ASSIGNED TASK -> Go through the records and restate them word for word, omitting images.

RECORDS ->
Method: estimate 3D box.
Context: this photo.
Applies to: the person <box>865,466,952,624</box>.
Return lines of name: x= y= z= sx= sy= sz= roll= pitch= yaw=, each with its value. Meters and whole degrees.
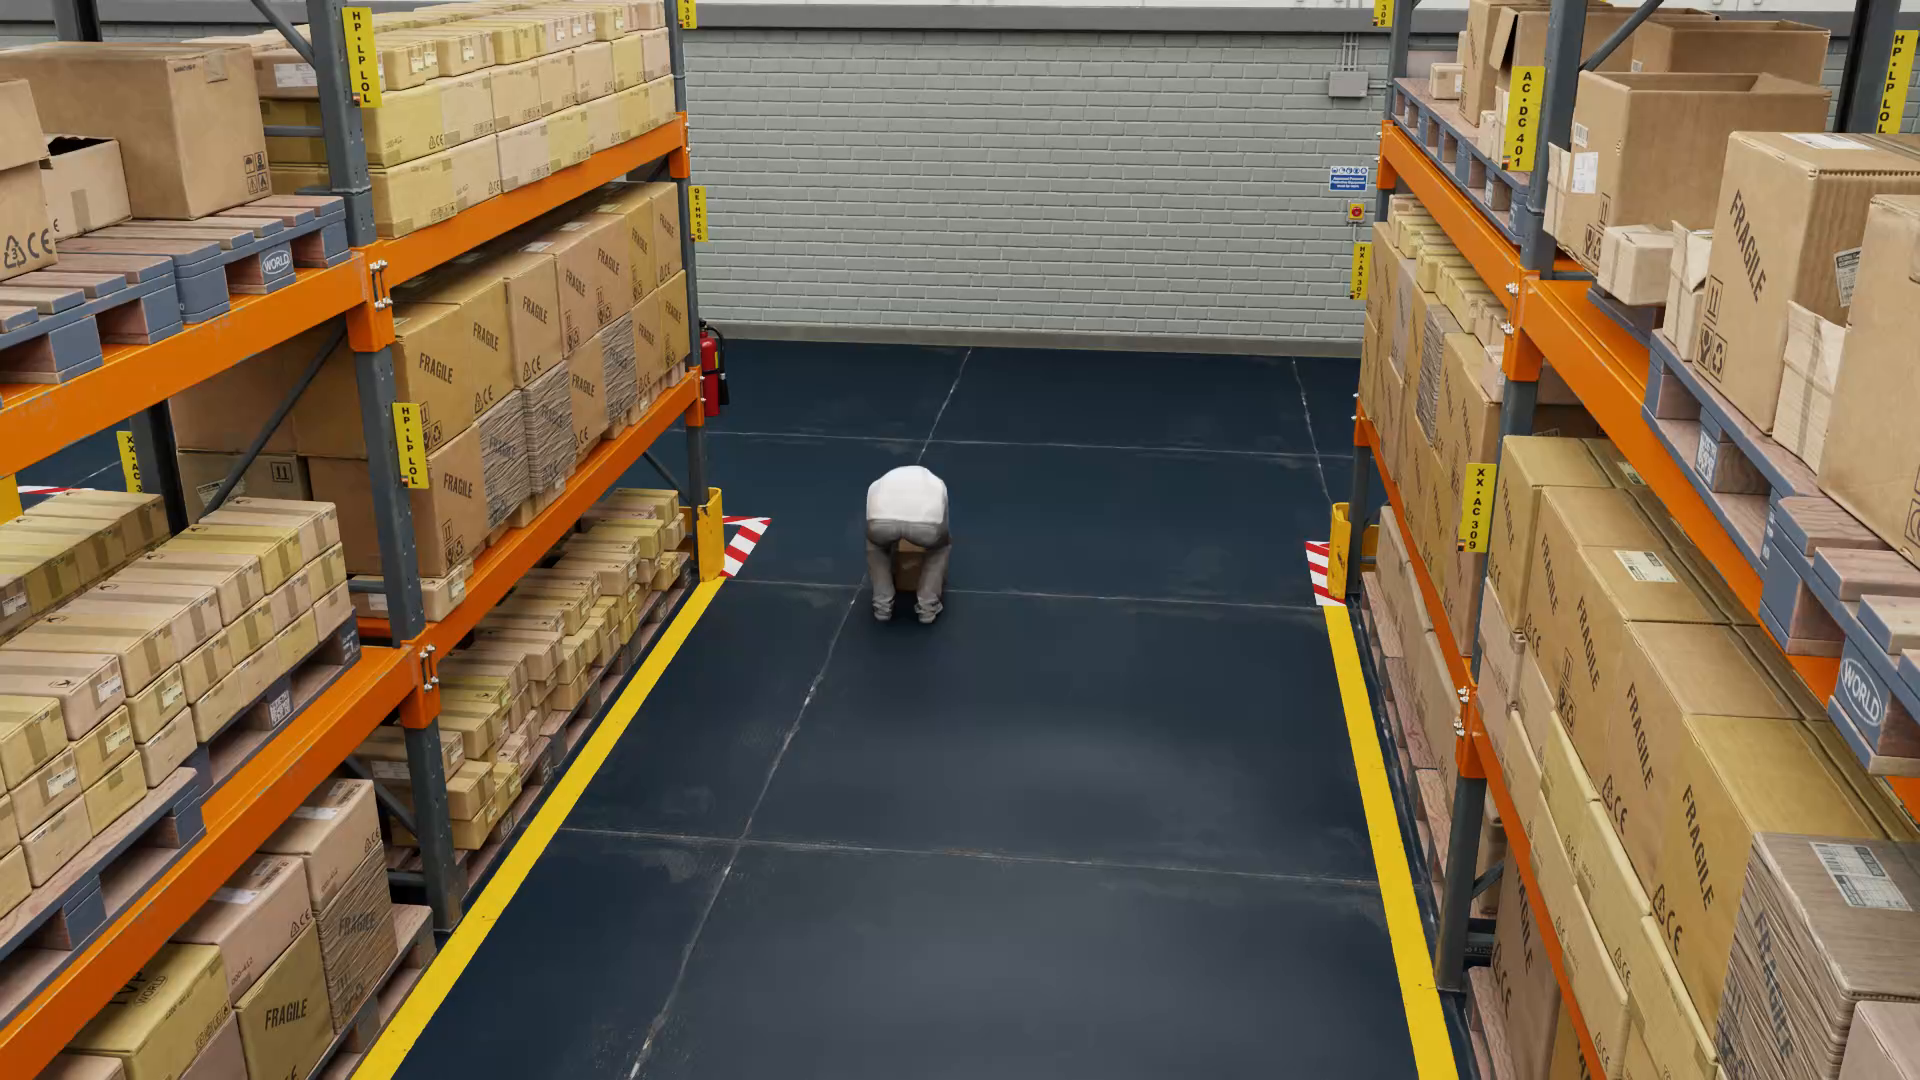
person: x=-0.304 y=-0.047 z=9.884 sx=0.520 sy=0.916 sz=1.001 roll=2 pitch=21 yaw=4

THE COMPLETED TASK ->
Method: estimate 3D box.
Context: this photo.
Applies to: the person <box>865,466,952,624</box>.
Return lines of name: x= y= z= sx= sy= sz= roll= pitch= yaw=, each with its value. Meters and whole degrees.
person: x=-0.304 y=-0.047 z=9.884 sx=0.520 sy=0.916 sz=1.001 roll=2 pitch=21 yaw=4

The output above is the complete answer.